The last time Bridget Peterson saw her son Solan was through the window of a holding cell at Ware Youth Center, two weeks after his 13th birthday.
Four days later, he was dead suicide. “I remember screaming, ‘My boy is gone,’” Peterson said.
She soon learned that another child at Ware had killed himself two days before. Then she learned that her son had been isolated in that bare cell for at least four days, even though state rules said he shouldn’t have spent a single night there. The guards, who were supposed to check on him every 15 minutes, hadn’t done so for more than two hours, just as they had neglected to check on the other boy, state regulators’ records and surveillance footage show.

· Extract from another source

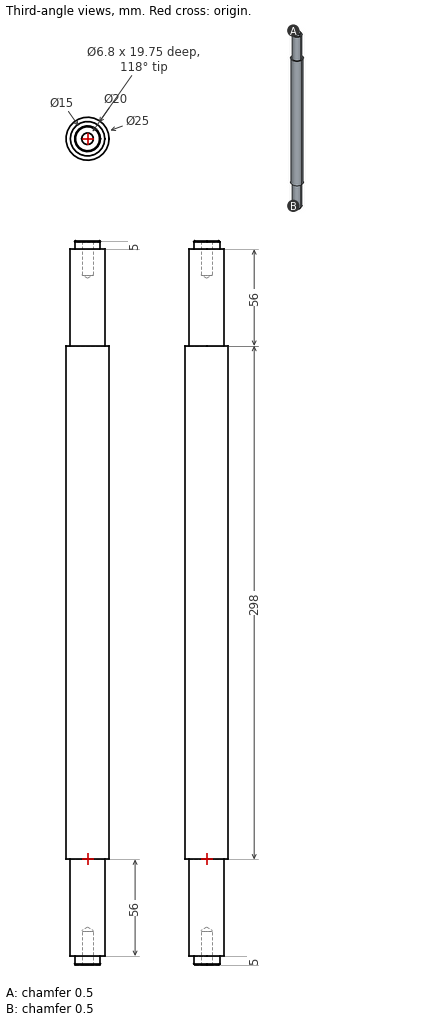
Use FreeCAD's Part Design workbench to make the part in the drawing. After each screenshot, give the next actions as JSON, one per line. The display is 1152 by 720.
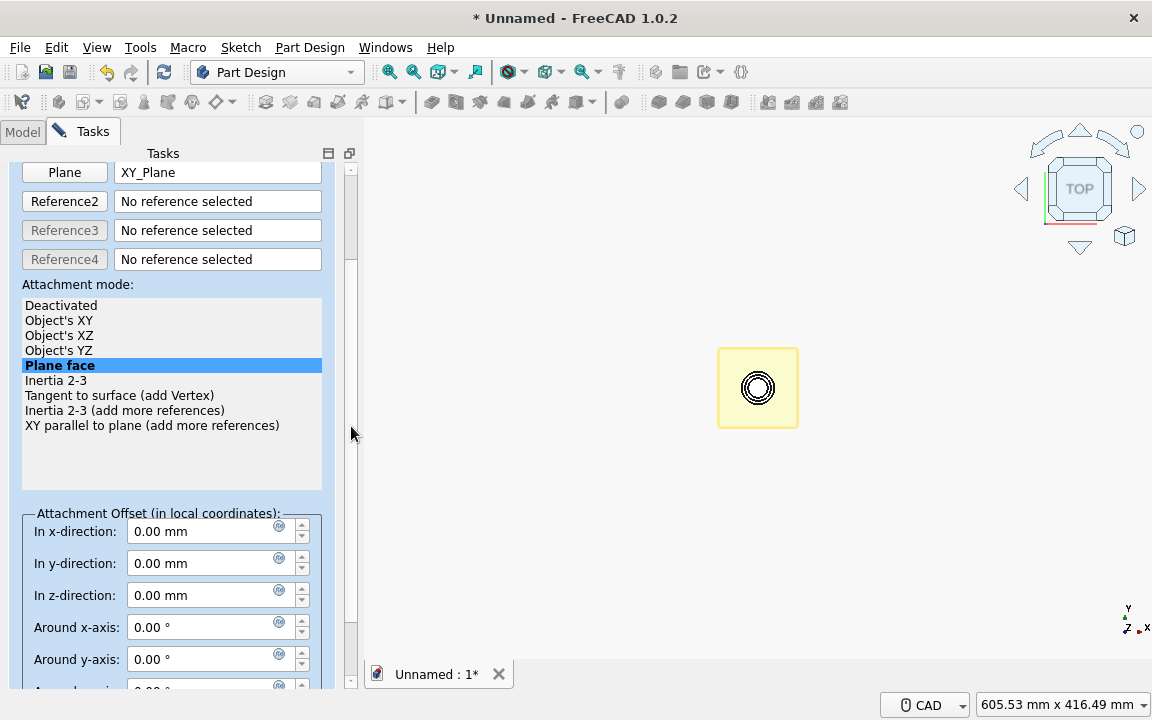
{"action": "triple_click", "coordinate": [210, 595]}

For a few days in February 2019, the back-to-back suicides flashed across the news cycle around northwest Louisiana. But inside Ware, one of the state’s largest juvenile detention facilities, children have been trying to kill themselves with stunning regularity.
There were at least 64 suicide attempts at Ware in 2019 and 2020, a rate higher than at any other juvenile facility in the state.
Behind any attempt at suicide lies a tangle of factors. But what has happened at Ware has brought into sharp focus pervasive despair among children there that no one is going to rescue them from repeated acts of physical violence, sexual assault and psychological torment, an investigation The New York Times and the Investigative Reporting Program at the University of California, Berkeley, Graduate School of Journalism found.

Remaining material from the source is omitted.